Despite the dividend increase, Ares Capital’s dividend payout ratio fell 4 QoQ percentage points to 71%. The lower payout ratio is due to the exceptional performance of Ares Capital’s investment portfolio in a rising rate environment.
In 2022, the total payout rate was only 80%, which is great for a business development company. Many BDCs have much higher payout ratios and offer investors less diversification than Ares Capital.
Dividend (table created by author using company supplements)
Floating rate exposure
Besides strong dividend coverage and high yield, one of the best reasons to own ARCC is BDC’s floating rate exposure, which I discussed here.
As of December 31, 2022, 71% of Ares Capital’s portfolio was invested in variable rate debt, providing ARCC with a significant increase in income in a rising rate environment.

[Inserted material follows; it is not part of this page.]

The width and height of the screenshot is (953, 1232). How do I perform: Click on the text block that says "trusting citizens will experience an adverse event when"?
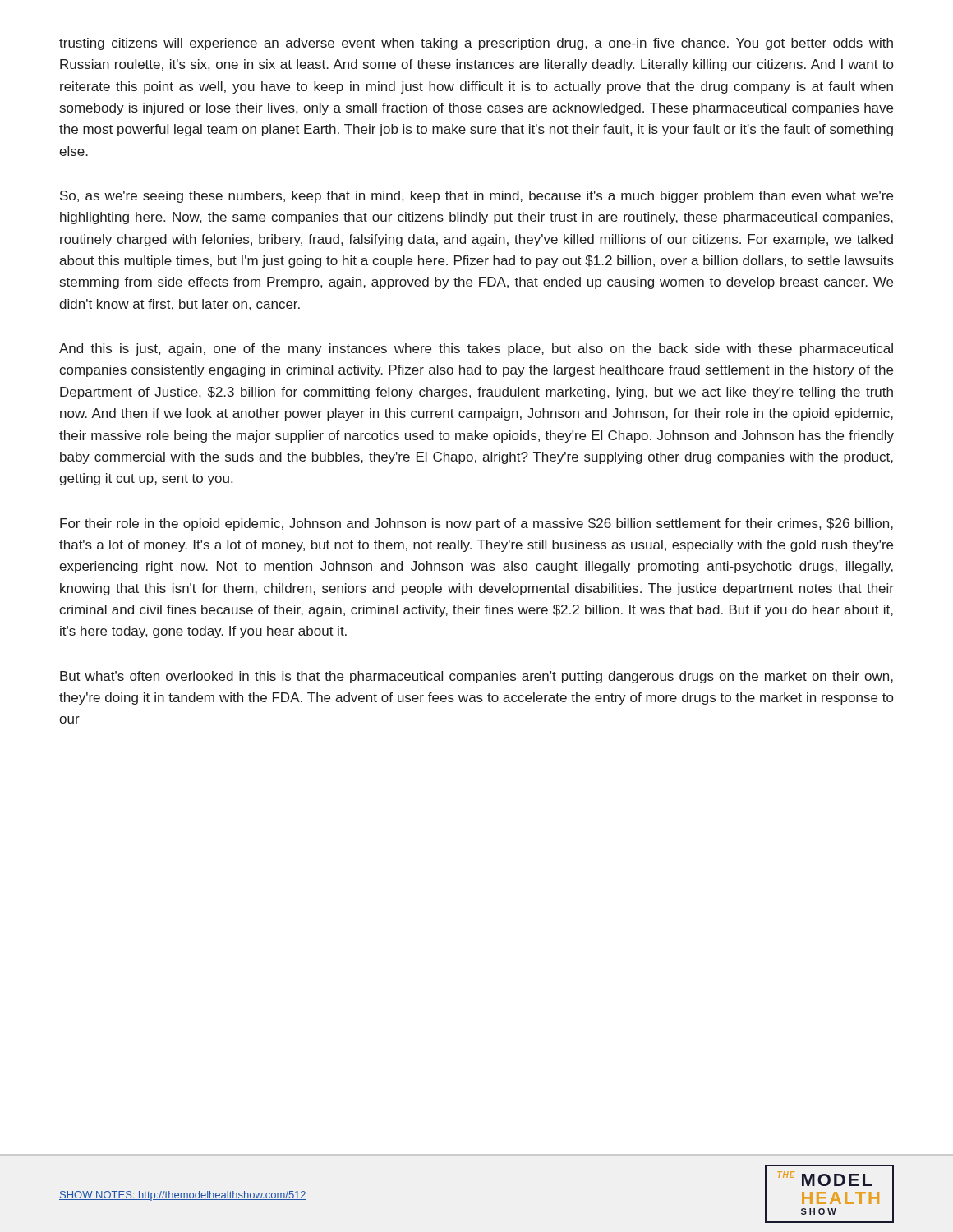click(x=476, y=97)
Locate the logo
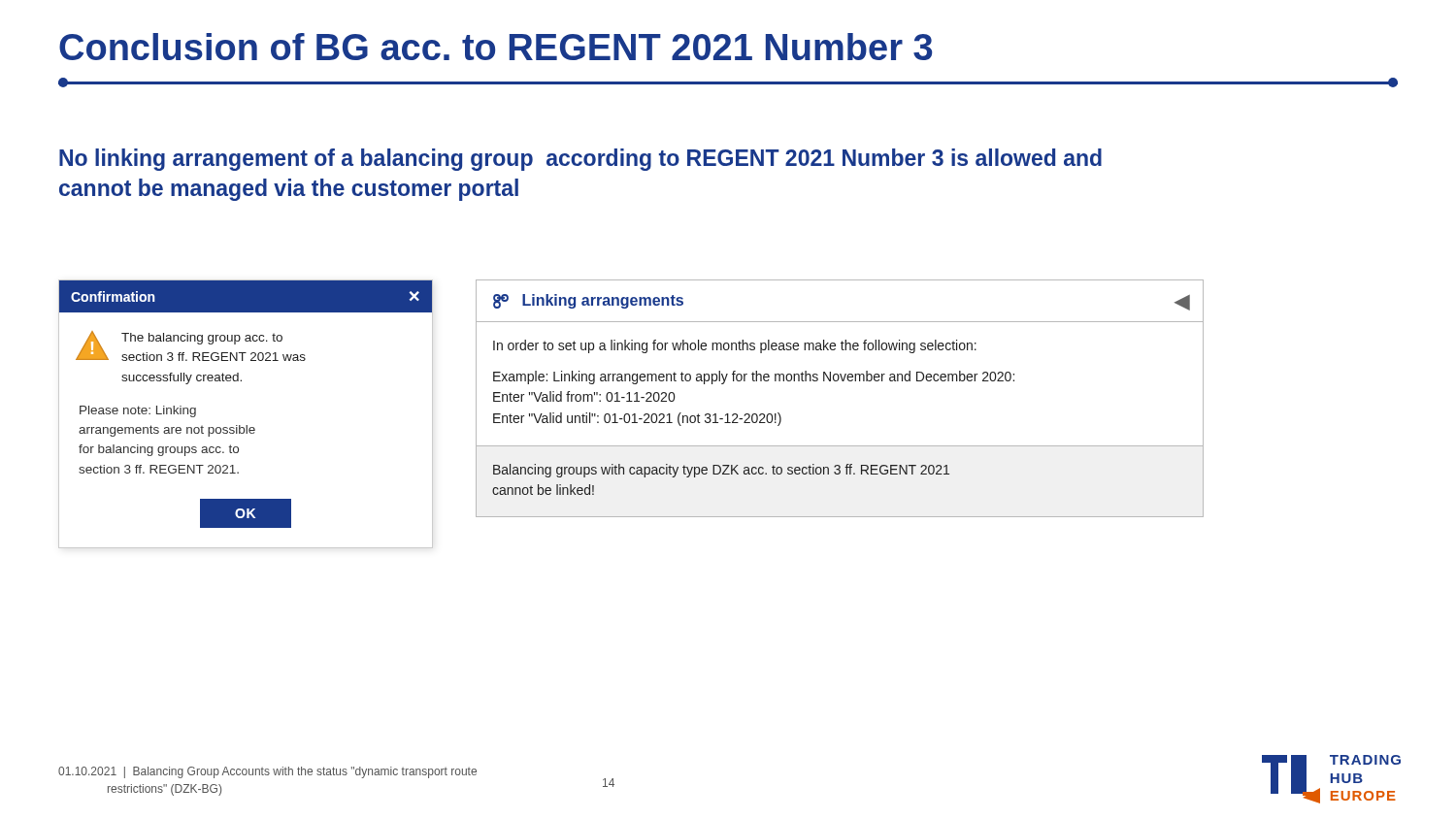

Since the labor market saw a hit jobs report in January, with 517K new payrollsthe central bank has a strong case for continuing to raise interest rates, indicating both net investment income and dividend growth.

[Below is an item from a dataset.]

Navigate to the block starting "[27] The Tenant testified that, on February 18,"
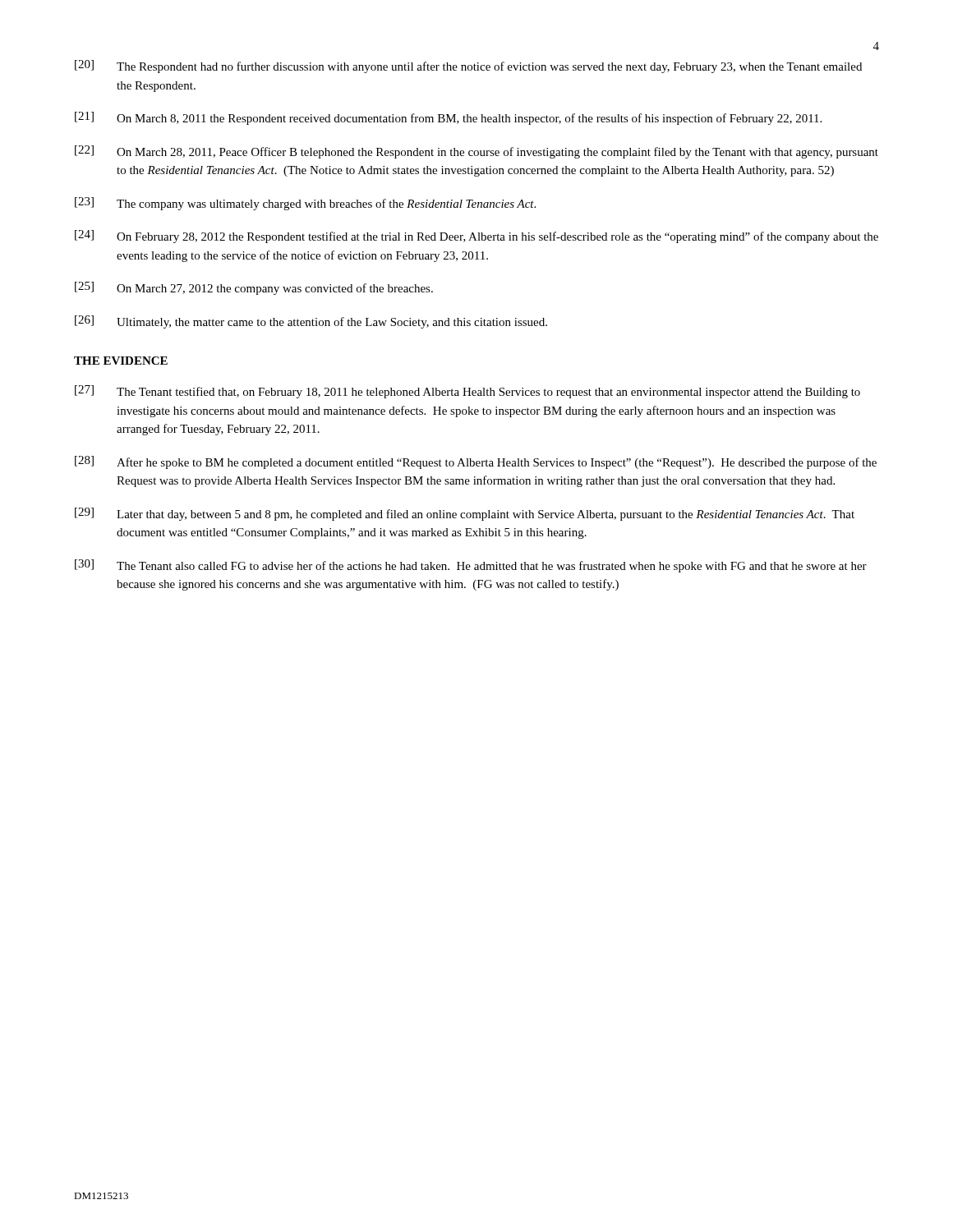Screen dimensions: 1232x953 (x=476, y=411)

Floating rate exposure (Ares Capital)
9% premium on net asset value
Ares Capital is again trading at a 9% premium to book value, as evidenced by BDC’s fourth quarter and full year results.
Ares Capital’s floating rate debt portfolio offers excellent dividend coverage, decent portfolio quality and upside portfolio income, and passive income investors are willing to pay for a competent investment manager.

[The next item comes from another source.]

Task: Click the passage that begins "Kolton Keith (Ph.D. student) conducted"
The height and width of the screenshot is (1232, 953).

Why Ares Capital Might See a Lower/Higher Valuation
Ares Capital’s credit quality is not a concern at this time, but that could change in the future if the business development company encounters economic headwinds that result in increased defaults.
Additionally, Ares Capital has significant exposure to floating interest rates, and a strong labor market is currently supporting the central bank’s policy to continue raising interest rates.
However, a slower pace of rate hikes in 2023 and interest rate cuts would likely dampen Ares Capital’s portfolio revenue growth, which is tied to investments in BDC’s floating rate debt.
My conclusion
Ares Capital remains one of the best BDCs available for passive income investors to purchase for themselves or their children.
In the fourth quarter, the business development company’s dividend was covered by net investment income, indicating that it is well managed. The dividend has room for growth, depending on the payout rate of 80% for 2022, which you (or your children) will appreciate.
Despite the fact that Ares Capital shares are again trading at a premium to net asset value, the company’s large diversified debt portfolio, floating rate exposure and strong dividend coverage ratio make it a BDC with a very reliable dividend yield of 9.6%.
Ares Capital is a long-term investment that I hope I never have to sell.